Only the lines running from the line with "Numbers: x, y, z, sx, sy, sz, roll, pitch, yaw." to the end of the records below belong in the answer, each copied exactly.

Data entries:
*** Block opens ***

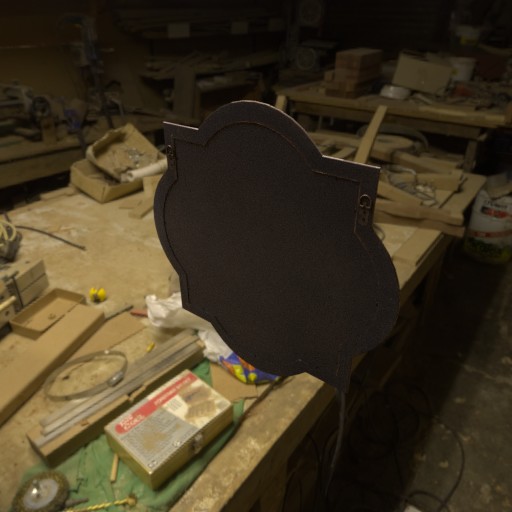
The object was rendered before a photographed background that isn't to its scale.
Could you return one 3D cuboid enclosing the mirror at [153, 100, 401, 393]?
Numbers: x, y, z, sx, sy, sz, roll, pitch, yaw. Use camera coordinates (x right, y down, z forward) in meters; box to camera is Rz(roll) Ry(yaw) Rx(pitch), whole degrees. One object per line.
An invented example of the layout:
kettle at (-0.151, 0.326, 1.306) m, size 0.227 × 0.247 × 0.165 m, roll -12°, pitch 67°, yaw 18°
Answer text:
mirror at (0.000, 0.000, 1.049) m, size 0.686 × 0.686 × 0.019 m, roll 21°, pitch 36°, yaw 32°

*** Block closes ***

TASK SOLUTION:
Numbers: x, y, z, sx, sy, sz, roll, pitch, yaw. Use camera coordinates (x right, y down, z forward) in meters; box to camera is Rz(roll) Ry(yaw) Rx(pitch), whole degrees. One object per line.
An invented example of the layout:
kettle at (-0.151, 0.326, 1.306) m, size 0.227 × 0.247 × 0.165 m, roll -12°, pitch 67°, yaw 18°
Answer text:
mirror at (0.000, 0.000, 1.049) m, size 0.686 × 0.686 × 0.019 m, roll 21°, pitch 36°, yaw 32°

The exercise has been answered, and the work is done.